As galinholas-americanas vivem em matagais úmidos, bosques alagados e pântanos com vegetação rasteira.[3] Os habitats ideais apresentam estágios iniciais de sucessão ecológica e terras agrícolas abandonadas misturadas com floresta. No final do verão, algumas galinholas repousam no chão à noite em grandes clareiras em meio à vegetação esparsa e irregular.[10]
- Os habitats de acasalamento e reprodução incluem clareiras na floresta, beiras de estradas, pastagens e campos abandonados, de onde os machos vocalizam e iniciam voos de cortejo na primavera.
- Os habitats de nidificação incluem matagais, áreas de arbustos e florestas jovens e de meia-idade intercaladas com clareiras.
- Os habitats de alimentação possuem solo úmido e apresentam árvores jovens de crescimento denso, como álamos (Populus spp.), bétulas (Betula spp.) e espécies mistas de folhosas com menos de 20 anos de idade, além de arbustos, particularmente amieiros (Alnus spp.).
- Os habitats de repouso são locais semiabertos com cobertura vegetal baixa e esparsa, como campos de mirtilo, pastagens e áreas florestais recentemente exploradas intensamente.[10]
Migração
As galinholas migram à noite. Voam em baixas altitudes, individualmente ou em pequenos bandos dispersos. As velocidades de voo das aves migratórias foram registradas entre 26 e 45 km/h.[14] No entanto, a velocidade de voo mais lenta já registrada para uma ave, cerca de 8 km/h, foi observada nesta espécie.[15] Acredita-se que se orientem visualmente usando características fisiográficas importantes, como linhas costeiras e amplos vales fluviais.[10] Tanto as migrações de outono quanto as de primavera são lentas em comparação com as migrações rápidas e diretas de muitas aves passeriformes.
No norte, as galinholas começam a migrar para o sul antes que o gelo e a neve isolem suas fontes de alimento terrestre.
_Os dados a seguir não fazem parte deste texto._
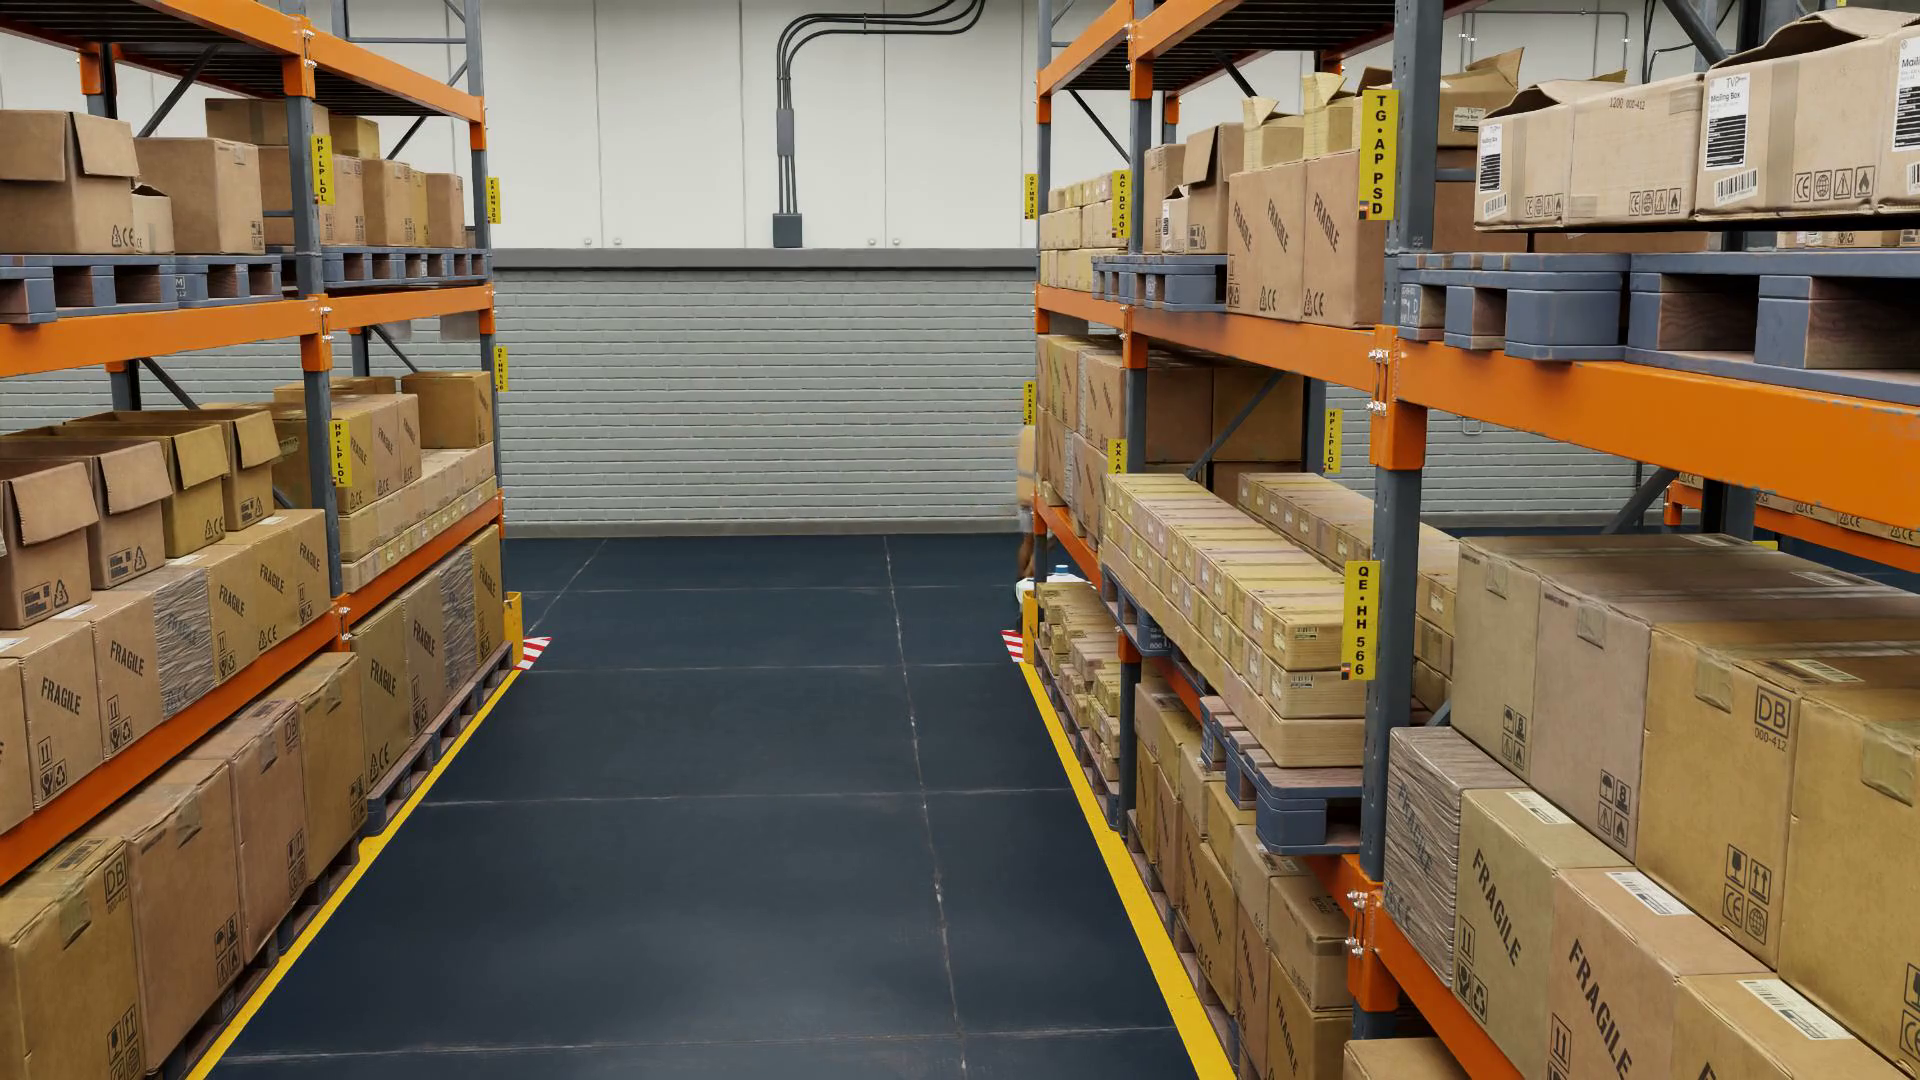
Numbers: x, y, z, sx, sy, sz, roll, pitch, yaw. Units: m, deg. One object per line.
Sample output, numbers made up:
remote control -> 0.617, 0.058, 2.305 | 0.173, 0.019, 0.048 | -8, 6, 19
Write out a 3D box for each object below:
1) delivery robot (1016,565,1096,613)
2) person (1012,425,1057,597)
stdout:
delivery robot -> 0.818, 0.445, 13.417 | 0.707, 0.478, 0.477 | 4, 10, 21
person -> 0.663, -0.373, 14.596 | 0.464, 1.897, 0.598 | -6, 11, -31
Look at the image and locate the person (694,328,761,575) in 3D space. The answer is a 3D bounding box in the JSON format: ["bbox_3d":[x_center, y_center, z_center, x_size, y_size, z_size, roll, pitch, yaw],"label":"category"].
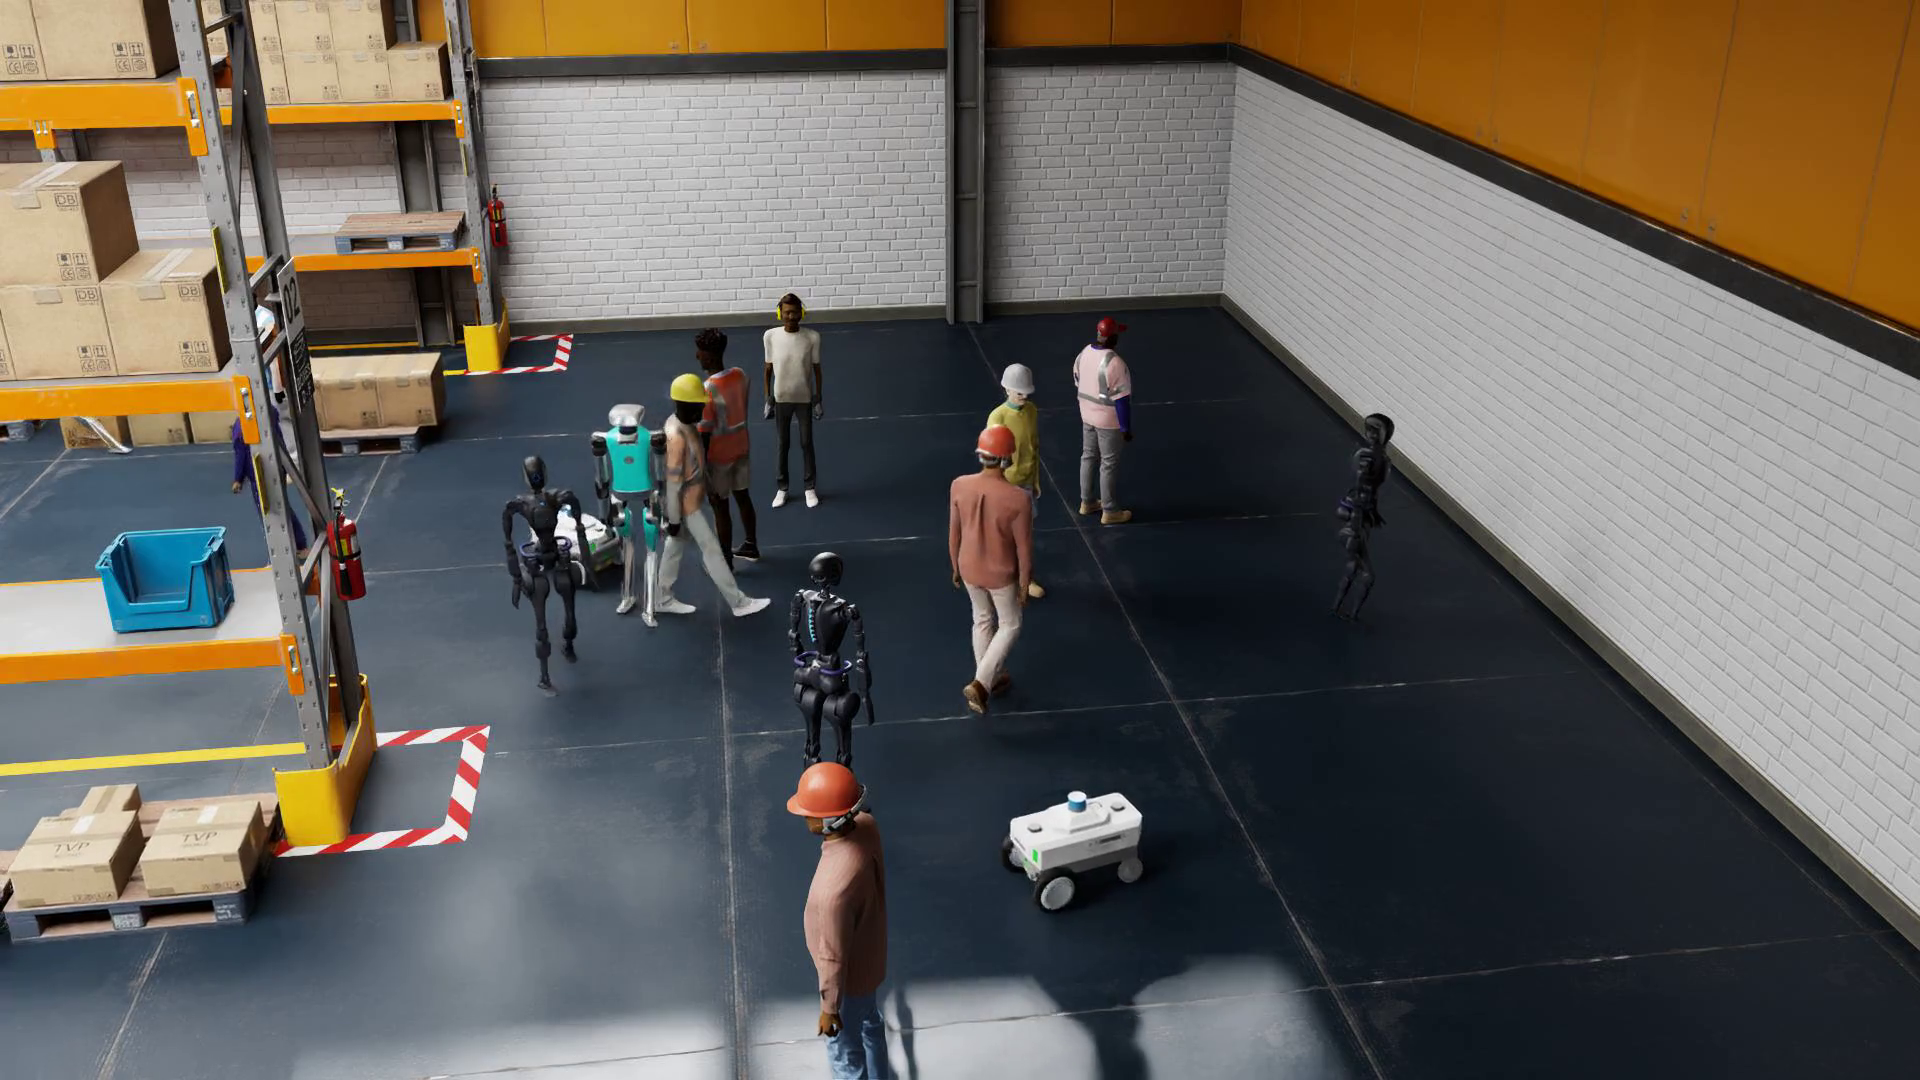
[{"bbox_3d":[-1.833,-0.683,12.867,0.377,1.958,0.596,14,27,28],"label":"person"}]

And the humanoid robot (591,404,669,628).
[{"bbox_3d":[-2.345,-0.234,12.101,0.536,1.747,0.805,-3,24,-6],"label":"humanoid robot"}]

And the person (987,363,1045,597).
[{"bbox_3d":[0.398,-0.425,12.367,0.491,1.880,0.412,-20,31,-38],"label":"person"}]

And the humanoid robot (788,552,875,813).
[{"bbox_3d":[-0.774,0.843,9.707,0.599,1.657,0.315,16,28,31],"label":"humanoid robot"}]

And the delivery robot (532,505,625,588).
[{"bbox_3d":[-2.986,0.023,13.011,0.817,0.613,0.499,14,27,29],"label":"delivery robot"}]

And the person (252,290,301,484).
[{"bbox_3d":[-6.145,-1.388,14.620,0.622,1.836,0.431,15,28,30],"label":"person"}]

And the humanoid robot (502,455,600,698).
[{"bbox_3d":[-2.758,0.201,11.247,0.588,1.647,0.642,-10,26,-22],"label":"humanoid robot"}]

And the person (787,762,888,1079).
[{"bbox_3d":[-0.504,1.818,7.125,0.403,1.986,0.610,4,24,9],"label":"person"}]

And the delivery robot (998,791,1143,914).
[{"bbox_3d":[0.643,1.669,9.222,0.765,0.582,0.499,-10,26,-22],"label":"delivery robot"}]

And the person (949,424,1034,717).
[{"bbox_3d":[0.175,0.219,10.774,0.624,1.977,0.680,14,27,28],"label":"person"}]

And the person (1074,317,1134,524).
[{"bbox_3d":[1.213,-1.000,13.828,0.420,1.754,0.604,-17,29,-33],"label":"person"}]

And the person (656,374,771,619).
[{"bbox_3d":[-1.863,-0.300,12.085,0.925,1.885,0.592,-3,24,-7],"label":"person"}]

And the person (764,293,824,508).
[{"bbox_3d":[-1.408,-1.177,14.083,0.509,1.876,0.329,-1,24,-1],"label":"person"}]

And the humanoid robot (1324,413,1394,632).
[{"bbox_3d":[2.901,-0.147,11.992,0.426,1.643,0.608,12,26,25],"label":"humanoid robot"}]

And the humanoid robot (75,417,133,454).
[{"bbox_3d":[-8.075,-1.648,15.317,0.951,1.742,0.530,8,25,17],"label":"humanoid robot"}]

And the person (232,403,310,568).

Frentes frias podem provocar grandes migrações para o sul no outono. A maioria inicia a migração em outubro, com o pico ocorrendo de meados de outubro ao início de novembro.[16] A maioria dos indivíduos chega à área de invernada em meados de dezembro. As aves retornam ao norte em fevereiro. A maioria retorna à área de reprodução no norte entre meados de março e meados de abril.[10]
A chegada e a partida das aves migratórias de seus locais de reprodução são extremamente irregulares. Em Ohio, por exemplo, as primeiras aves são avistadas em fevereiro, mas a maior parte da população só chega em março e abril. As aves começam a partir para o inverno em setembro, mas algumas permanecem até meados de novembro.[17]
Comportamento e ecologia
Alimentação e nutrição
As galinholas alimentam-se principalmente de invertebrados, em especial minhocas (oligoquetas), sendo conhecidas por utilizar técnicas de "encantamento de minhocas" para atraí-las à superfície.[18] Forrageiam sobretudo em solos úmidos, sondando o solo macio em meio à vegetação densa, onde geralmente permanecem bem escondidas. Outros itens de sua dieta incluem larvas de insetos, caracóis, centopeias, milípedes, aranhas, moscas ragionídeas, besouros e formigas. Consomem também uma pequena quantidade de alimentos vegetais, principalmente sementes.[10] São aves crepusculares, sendo mais ativas ao amanhecer e ao entardecer.
Reprodução
Na primavera, os machos ocupam áreas de canto individuais, clareiras próximas a arbustos, de onde vocalizam e realizam voos de exibição ao amanhecer e ao entardecer e, se a luminosidade for suficiente, em noites de luar. O chamado do macho no solo é um peent curto e zumbido. Após emitir uma série de chamados no solo, o macho decola e voa de 46 a 91 metros de altura. Ele desce em ziguezague e inclina-se enquanto entoa uma vocalização fluida e chilreante.[10] Esse voo espiralado em alta altitude produz um som melodioso de gorjeio, à medida que o ar passa pelas penas primárias externas das asas do macho.[19]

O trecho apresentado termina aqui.